Africa is a great testing ground for new banking services: the region’s relatively low penetration levels for traditional financial services married to high proliferation of mobile phones has not only helped to create the largest mobile money market, but also drives FinTech innovation and disruptive digital banking solutions. 

Mobile money has found its biggest global foothold in Africa. According to the GSM Association, over 57 percent of the world’s mobile money accounts are located in sub-Saharan Africa, and the continent’s FinTech market has been forecast to grow from around $200m in value in 2018 to close to $3 billion by 2020.

According to the McKinsey research report “African Retail Banking’s Next Growth Frontier”, new innovative mobile financial services are rapidly expanding. Peer-2-peer borrowing, group-savings, micro-loans, micro-insurance and more will come into the financial services mix. South Africa alone can expect to see growth of around $4 billion in banking revenues across the next five years.

Why is this?

Most African citizens have a cellphone even if they lack a postal address and a local high street bank branch, and over the last decade have been using their mobile phones to transfer money.  

The mobile money phenomenon has proven to be a profitable business in Africa: hundreds of millions of dollars is washing through Africa’s mobile networks. And it is mobile service providers that have been dominating the market, setting up quickly, disrupting the status quo, bringing banking to the unbanked and reaping the rewards of 1.5 to 2 percent profit – big numbers. Traditional banks are keen to get in on the act but are finding it isn’t straightforward as they are lacking the channel reach into the rural areas, don’t have the IT platforms to support the financial requirements of the unbanked population, and are tied up with regulatory constraints. 

Banks have been missing out, but due to a number of developments this could be changing soon. 

Fiskl, a UK-based fintech company, has announced a partnership with South African based fintech player, Ocean on 76 that will benefit SMEs in Africa. Photo: Facebook

We see that traditional feature phones are being replaced by cheap smart phones, driving adoption of new and innovative mobile financial applications that are being offered by the new FinTech players in the market. 

Furthermore, fast growing FinTech players are making their mark. Jumo, a mobile platform that provides digital financial services like credit and savings has now originated over $700 million in loans and manages over 25 million customer interactions per month. In 2017 Jumo was picked as one of Google’s Launchpad Accelerator start-ups and the company is now being funded by Goldman Sachs to continue its rapid expansion. Tulaa, a Kenyan FinTech start-up for the agriculture industry, recently raised over $600,000 in seed funding. Other success stories abound: Ecocash has been around for about 4 years providing mobile payments, Zoona is a mobile money transfer service that raised over $20 million in funding, and Cellulant, a pan-African payments system recently raised a massive $47.5 million, the most ever by an African FinTech. 

These FinTech companies are disrupting traditional ways of doing things in Africa and becoming key players in a changing financial ecosystem. Increasingly traditional retail banks are looking to integrate their banking services with these innovative FinTech companies to cover the “last mile” in order to expand their footprint into the unbanked markets.

Wildcards playing a role too

On top of the FinTech start-ups thriving in Africa, there are a number of spin-off services from existing social media giants that are making their presence felt. WhatsApp, already Africa’s social media platform of choice, has the potential to be the continent’s biggest payments platform. WhatsApp’s digital banking offering could effectively create a single, cashless currency for Africa. 2017 saw social media use grow 12 percent in Africa, with the vast majority of people using only two apps, WhatsApp and Facebook Messenger. Similarly, Chinese giant Alibaba’s FinTech arm, Ant Financial, is gaining traction in various African countries, and its Alipay app could also make significant inroads. Large African retail banks would do wise to craft partnership deals with these FinTech players as well as social media companies, leveraging their existing banking licenses and pan-African market-reach to gain first-hand experiences of banking the ecosystem.

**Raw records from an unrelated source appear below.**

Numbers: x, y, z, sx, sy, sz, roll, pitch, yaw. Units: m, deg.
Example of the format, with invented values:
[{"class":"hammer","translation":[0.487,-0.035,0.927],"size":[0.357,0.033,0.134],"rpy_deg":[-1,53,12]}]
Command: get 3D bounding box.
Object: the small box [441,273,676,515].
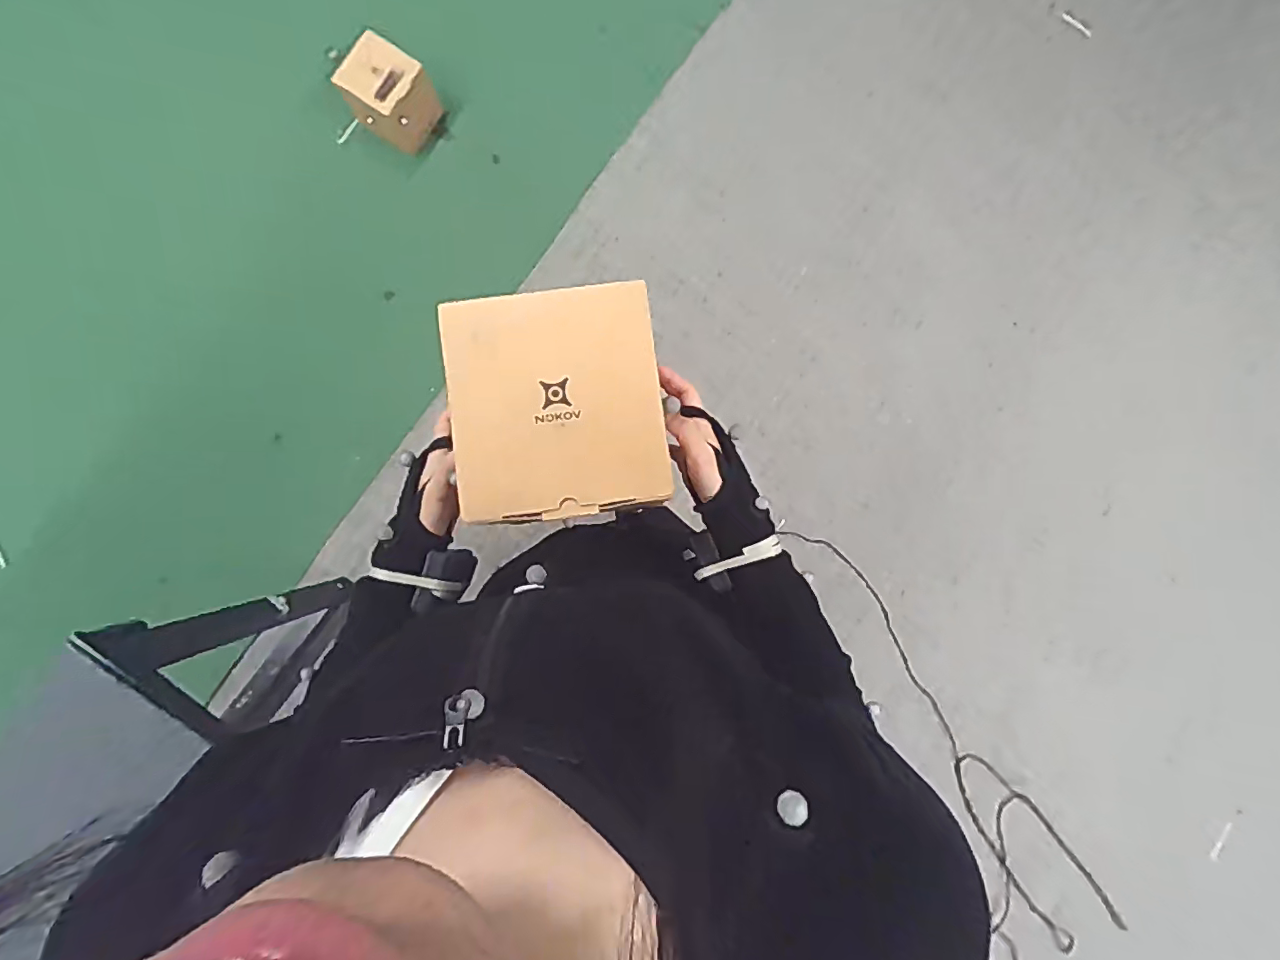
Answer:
[{"class":"small box","translation":[-0.067,-0.063,0.495],"size":[0.168,0.176,0.179],"rpy_deg":[-8,88,-3]}]

Changing times, changing business models

With growing customer expectations about more and faster mobile bandwidth to support the FinTech applications, and especially the fast-growing social media usage, over the coming years mobile operators will need significant amounts of capex to support the evolution of network technologies, mostly from 2G to 3G, from the cities into the urban areas. All this has prompted mobile operators to take notice and change their business models accordingly. To ensure profitability and high margins the mobile operators will need to invest in new digital banking platforms as well as in-house product management capabilities in order to compete with the FinTech players who offer mobile micro-payments and micro-insurance. Financial inclusion in Africa, according to the World Bank Findex survey, has “increased dramatically” from 23 percent in 2011 to 43 percent in 2017. Already a number of mobile operators are considering obtaining banking licenses to accelerate their digital banking strategies for Africa.

Beyond mobile payments and into the future

We are seeing a paradigm shift in Africa from the first phase focused on mobile money, onto the next stage of digital mobile financial services on the continent that focuses on micro-loans, micro-insurance, savings management and more - all enabled by digital technology. 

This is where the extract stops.